WHAT TO WORK ON :: Every line holding "regering" should be copied from the records below.
PROVIDED DATA below:
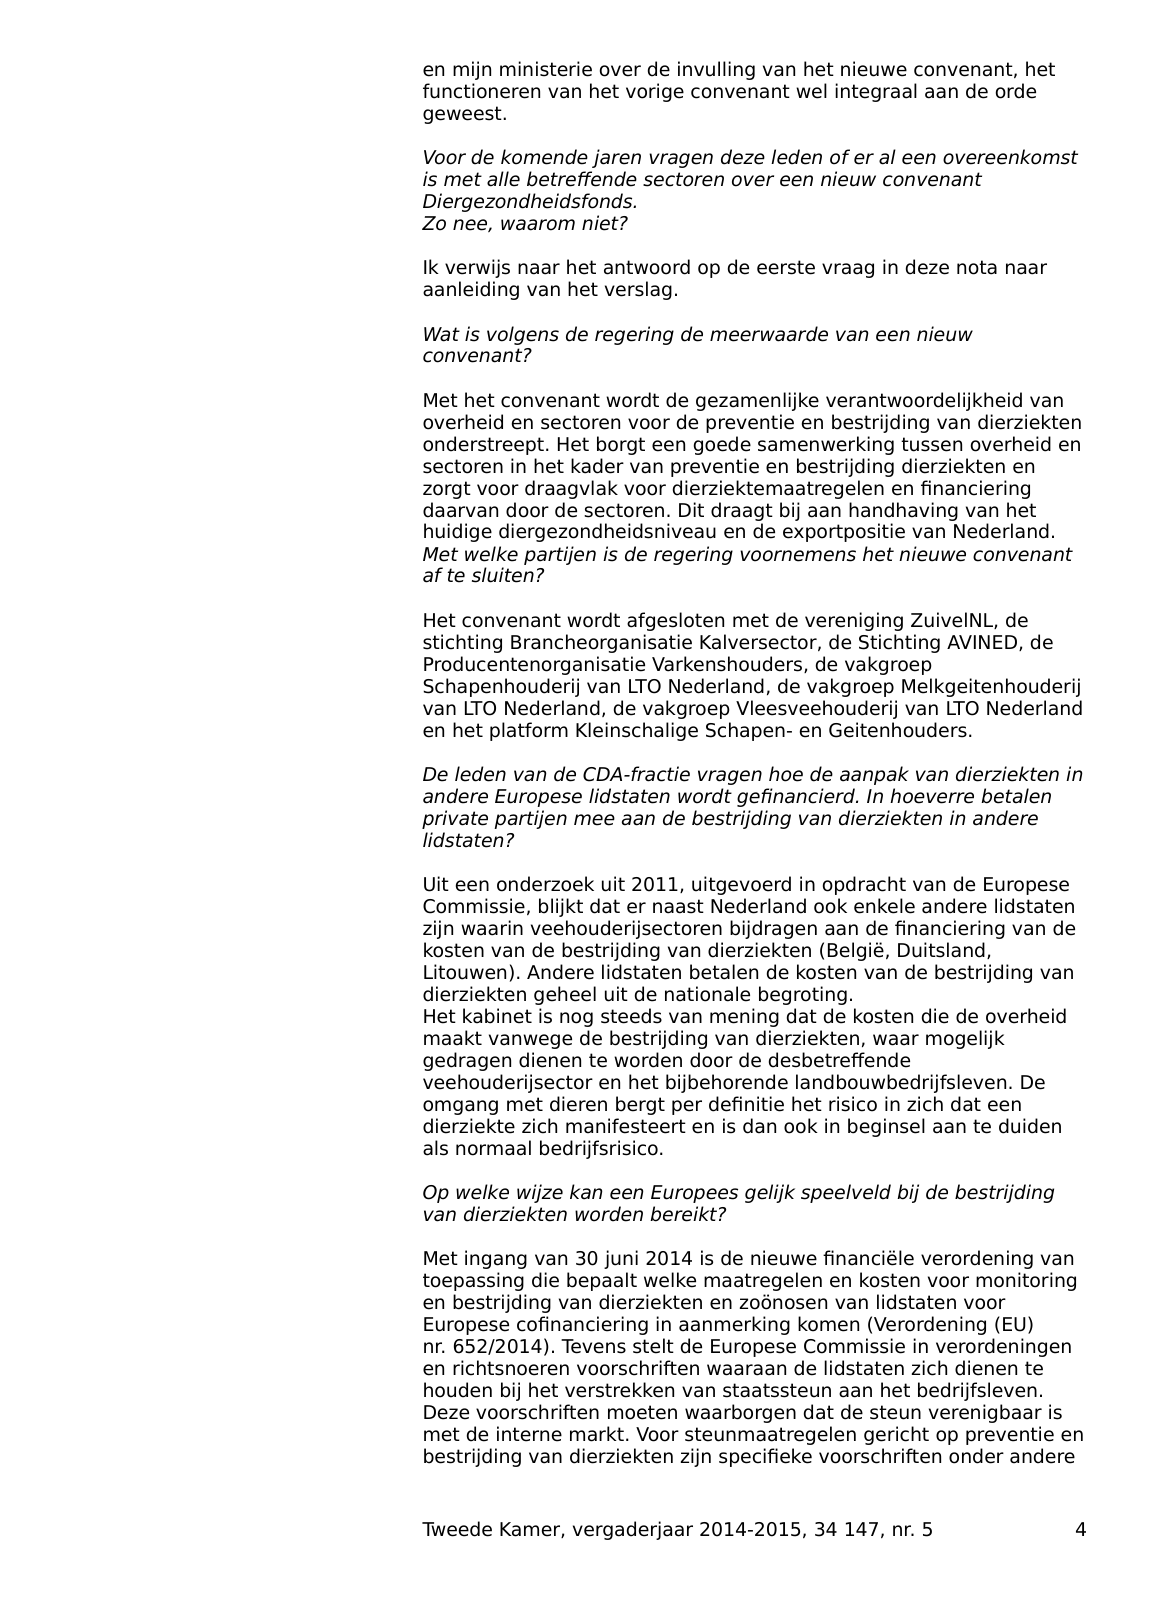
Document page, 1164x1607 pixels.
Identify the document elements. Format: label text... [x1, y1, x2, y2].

text Voor de komende jaren vragen deze leden of er al een overeenkomst is met alle betreffende sectoren over een nieuw convenant Diergezondheidsfonds. [422, 147, 1087, 213]
text Met ingang van 30 juni 2014 is de nieuwe financiële verordening van toepassing die bepaalt welke maatregelen en kosten voor monitoring en bestrijding van dierziekten en zoönosen van lidstaten voor Europese cofinanciering in aanmerking komen (Verordening (EU) nr. 652/2014). Tevens stelt de Europese Commissie in verordeningen en richtsnoeren voorschriften waaraan de lidstaten zich dienen te houden bij het verstrekken van staatssteun aan het bedrijfsleven. Deze voorschriften moeten waarborgen dat de steun verenigbaar is met de interne markt. Voor steunmaatregelen gericht op preventie en bestrijding van dierziekten zijn specifieke voorschriften onder andere [422, 1248, 1087, 1468]
text en mijn ministerie over de invulling van het nieuwe convenant, het functioneren van het vorige convenant wel integraal aan de orde geweest. [422, 59, 1087, 125]
text Het convenant wordt afgesloten met de vereniging ZuivelNL, de stichting Brancheorganisatie Kalversector, de Stichting AVINED, de Producentenorganisatie Varkenshouders, de vakgroep Schapenhouderij van LTO Nederland, de vakgroep Melkgeitenhouderij van LTO Nederland, de vakgroep Vleesveehouderij van LTO Nederland en het platform Kleinschalige Schapen- en Geitenhouders. [422, 609, 1087, 741]
text Zo nee, waarom niet? [422, 213, 1087, 235]
text Wat is volgens de regering de meerwaarde van een nieuw convenant? [422, 323, 1087, 367]
text Uit een onderzoek uit 2011, uitgevoerd in opdracht van de Europese Commissie, blijkt dat er naast Nederland ook enkele andere lidstaten zijn waarin veehouderijsectoren bijdragen aan de financiering van de kosten van de bestrijding van dierziekten (België, Duitsland, Litouwen). Andere lidstaten betalen de kosten van de bestrijding van dierziekten geheel uit de nationale begroting. [422, 874, 1087, 1006]
text Het kabinet is nog steeds van mening dat de kosten die de overheid maakt vanwege de bestrijding van dierziekten, waar mogelijk gedragen dienen te worden door de desbetreffende veehouderijsector en het bijbehorende landbouwbedrijfsleven. De omgang met dieren bergt per definitie het risico in zich dat een dierziekte zich manifesteert en is dan ook in beginsel aan te duiden als normaal bedrijfsrisico. [422, 1006, 1087, 1159]
text De leden van de CDA-fractie vragen hoe de aanpak van dierziekten in andere Europese lidstaten wordt gefinancierd. In hoeverre betalen private partijen mee aan de bestrijding van dierziekten in andere lidstaten? [422, 764, 1087, 852]
text Ik verwijs naar het antwoord op de eerste vraag in deze nota naar aanleiding van het verslag. [422, 257, 1087, 301]
text Op welke wijze kan een Europees gelijk speelveld bij de bestrijding van dierziekten worden bereikt? [422, 1182, 1087, 1226]
text Met het convenant wordt de gezamenlijke verantwoordelijkheid van overheid en sectoren voor de preventie en bestrijding van dierziekten onderstreept. Het borgt een goede samenwerking tussen overheid en sectoren in het kader van preventie en bestrijding dierziekten en zorgt voor draagvlak voor dierziektemaatregelen en financiering daarvan door de sectoren. Dit draagt bij aan handhaving van het huidige diergezondheidsniveau en de exportpositie van Nederland. [422, 389, 1087, 543]
text Met welke partijen is de regering voornemens het nieuwe convenant af te sluiten? [422, 543, 1087, 587]
End of PROVIDED DATA.
OUTPUT BELOW ::
text Wat is volgens de regering de meerwaarde van een nieuw convenant? [422, 323, 1087, 367]
text Met welke partijen is de regering voornemens het nieuwe convenant af te sluiten? [422, 543, 1087, 587]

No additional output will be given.